Answer to Question #178348 in Calculus for Phyroe

The basic formula is

"\\displaystyle\\int u\\ dv=uv-\\int v\\ du"

The formula may be applied again if necessary

"\\displaystyle\\int x^3 \\cos 5x\\ dx="

denote "u=x^3" and "dv=\\cos 5x\\ dx"

then "du=3x^2 dx" and "v=\\dfrac{1}{5}\\sin5x"

"\\displaystyle x^3\\cdot\\dfrac{1}{5}\\sin5x-\\int \\dfrac{1}{5}\\sin5x\\cdot3x^2 dx="

simplify

"\\displaystyle \\dfrac{1}{5}x^3\\sin5x-\\dfrac{3}{5}\\int \\sin5x\\cdot x^2 dx="

"\\displaystyle \\dfrac{1}{5}x^3\\sin5x-\\dfrac{3}{5}\\int x^2\\cdot\\sin5x dx="

integate by parts again

denote "u=x^2" and "dv=\\sin5x\\ dx"

then "du=2x dx" and "v=-\\dfrac{1}{5}\\cos5x"

"\\displaystyle \\dfrac{1}{5}x^3\\sin5x-\\dfrac{3}{5}\\left(x^2\\cdot\\left(-\\dfrac{1}{5}\\cos5x\\right)-\\int \\left(-\\dfrac{1}{5}\\cos5x\\right)\\cdot2x dx\\right)="

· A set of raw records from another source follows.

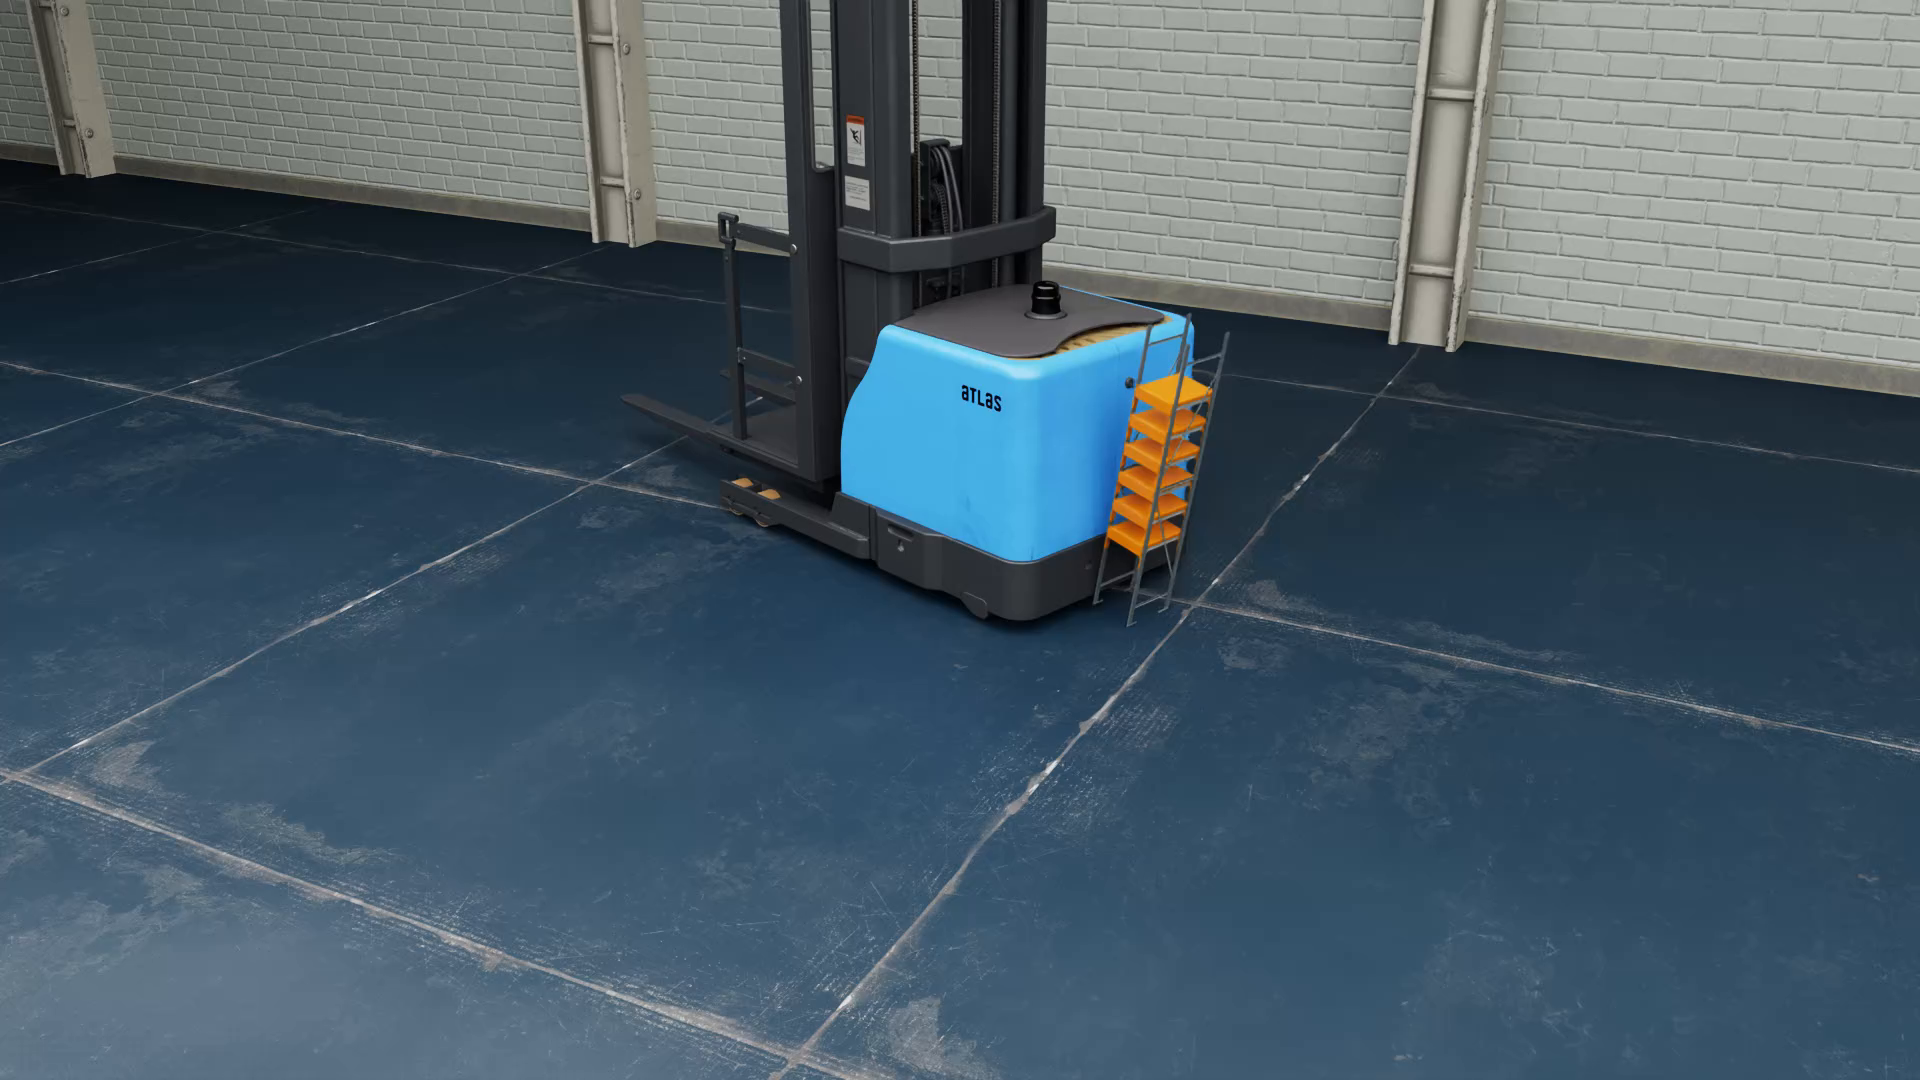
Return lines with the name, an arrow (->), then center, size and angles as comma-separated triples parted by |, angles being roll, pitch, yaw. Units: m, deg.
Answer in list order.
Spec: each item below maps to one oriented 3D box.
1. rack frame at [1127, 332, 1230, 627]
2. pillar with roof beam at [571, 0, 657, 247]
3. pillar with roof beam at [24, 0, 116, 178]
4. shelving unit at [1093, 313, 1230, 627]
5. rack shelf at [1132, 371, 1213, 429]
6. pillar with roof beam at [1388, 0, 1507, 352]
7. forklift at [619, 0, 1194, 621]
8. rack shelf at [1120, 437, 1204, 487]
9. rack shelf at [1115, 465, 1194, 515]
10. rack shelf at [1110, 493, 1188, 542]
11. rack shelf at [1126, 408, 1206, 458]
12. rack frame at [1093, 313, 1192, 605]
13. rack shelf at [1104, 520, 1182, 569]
rack frame -> 0.810, -0.207, 6.225 | 0.240, 1.200, 0.006 | -20, 41, -39
pillar with roof beam -> -4.469, -4.900, 7.275 | 0.400, 9.000, 9.100 | 11, 25, 25
pillar with roof beam -> -9.824, -5.960, 9.766 | 0.400, 9.000, 9.100 | 11, 25, 25
shelving unit -> 0.749, -0.248, 6.279 | 0.258, 1.200, 0.189 | -20, 41, -39
rack shelf -> 0.788, -0.517, 6.119 | 0.258, 0.103, 0.180 | -20, 41, -39
pillar with roof beam -> 0.885, -3.841, 4.783 | 0.400, 9.000, 9.100 | 11, 25, 25
forklift -> -0.434, -1.528, 7.097 | 1.130, 2.935, 3.031 | -20, 30, -39
rack shelf -> 0.758, -0.312, 6.241 | 0.258, 0.103, 0.180 | -20, 41, -39
rack shelf -> 0.744, -0.210, 6.302 | 0.258, 0.103, 0.180 | -20, 41, -39
rack shelf -> 0.729, -0.108, 6.363 | 0.258, 0.103, 0.180 | -20, 41, -39
rack shelf -> 0.773, -0.415, 6.180 | 0.258, 0.103, 0.180 | -20, 41, -39
rack frame -> 0.688, -0.289, 6.333 | 0.240, 1.200, 0.006 | -20, 41, -39
rack shelf -> 0.714, -0.005, 6.423 | 0.258, 0.103, 0.180 | -20, 41, -39
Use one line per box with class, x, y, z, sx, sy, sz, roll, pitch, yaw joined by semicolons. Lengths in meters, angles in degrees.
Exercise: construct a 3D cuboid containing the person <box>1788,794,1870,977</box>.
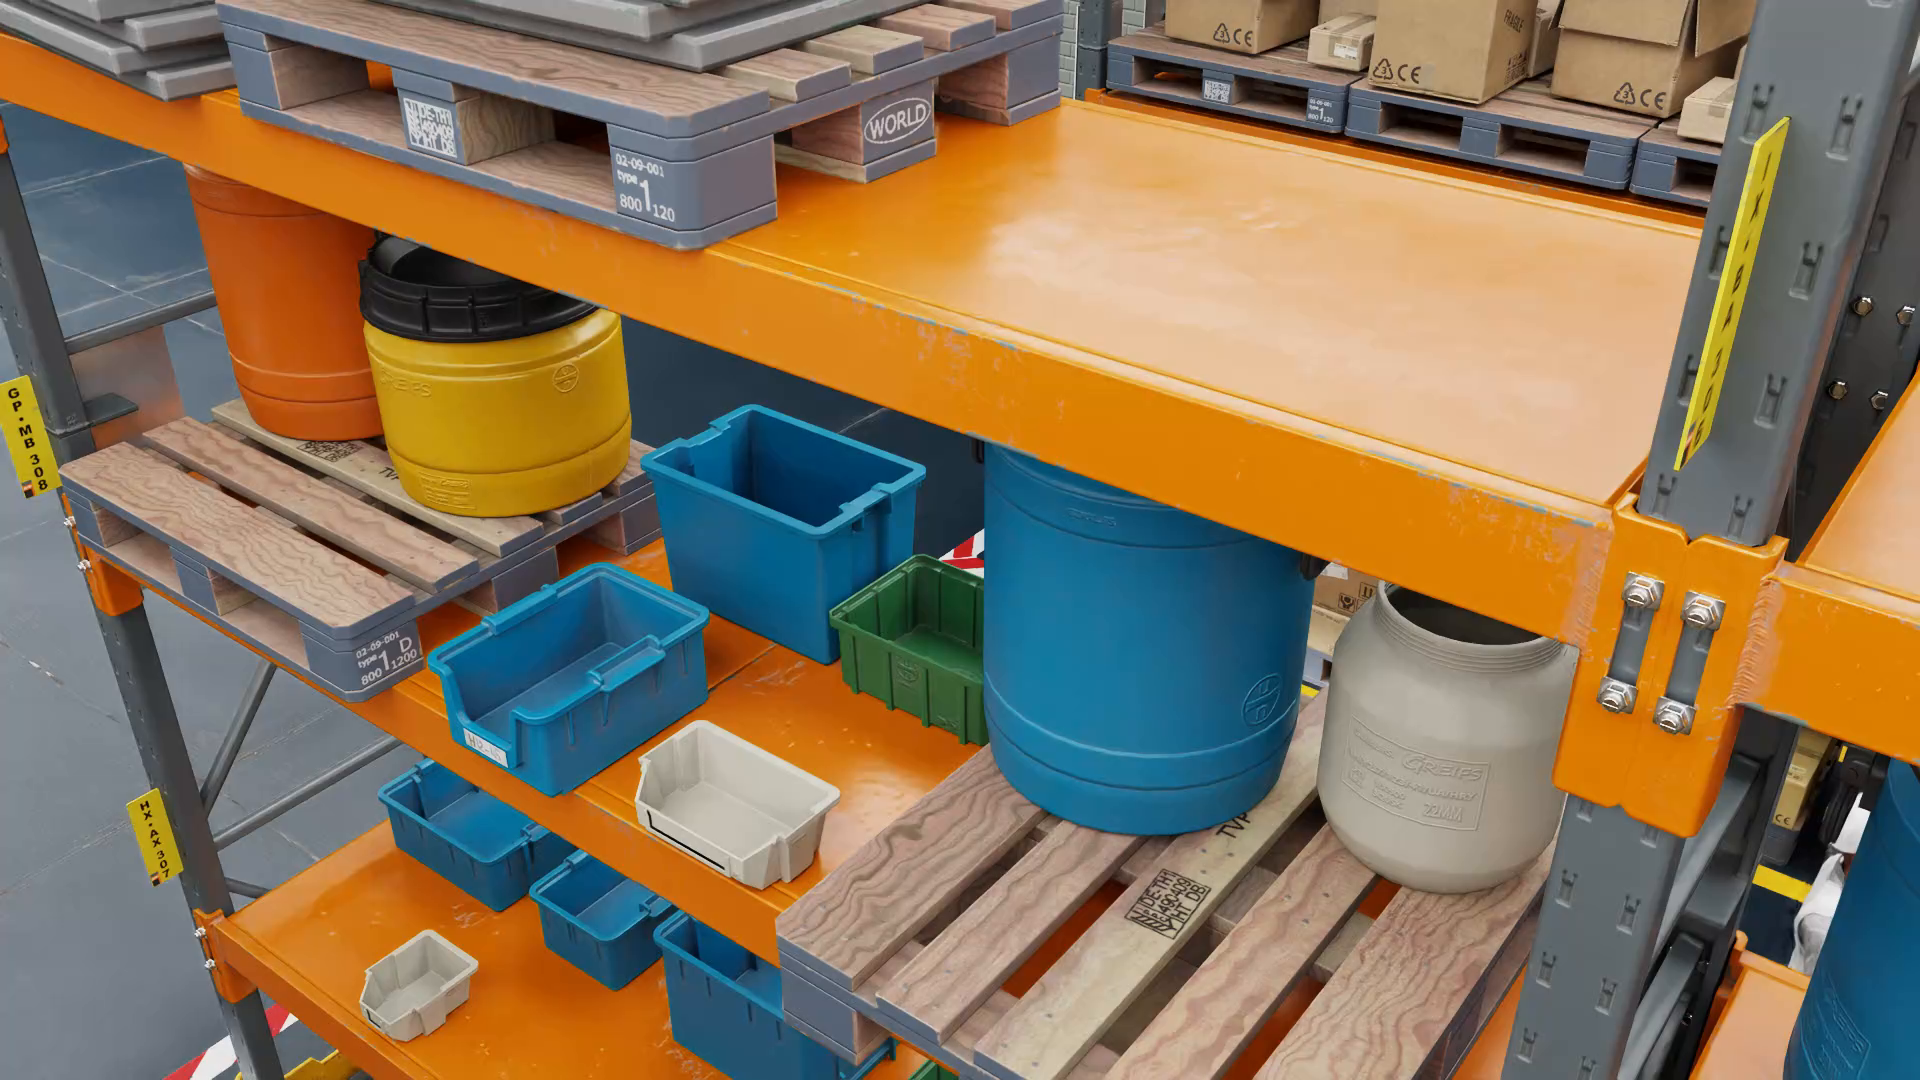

"\\displaystyle \\dfrac{1}{5}x^3\\sin5x-\\dfrac{3}{5}\\left(-\\dfrac{1}{5}x^2\\cos5x+\\dfrac{2}{5}\\int \\cos5x\\cdot x dx\\right)="

"\\displaystyle \\dfrac{1}{5}x^3\\sin5x+\\dfrac{3}{25}x^2\\cos5x-\\dfrac{6}{25}\\int x\\cdot\\cos5x dx="

integrate by parts again

denote "u=x" and "dv=\\cos 5x\\ dx"

then "du=dx" and "v=\\dfrac{1}{5}\\sin5x"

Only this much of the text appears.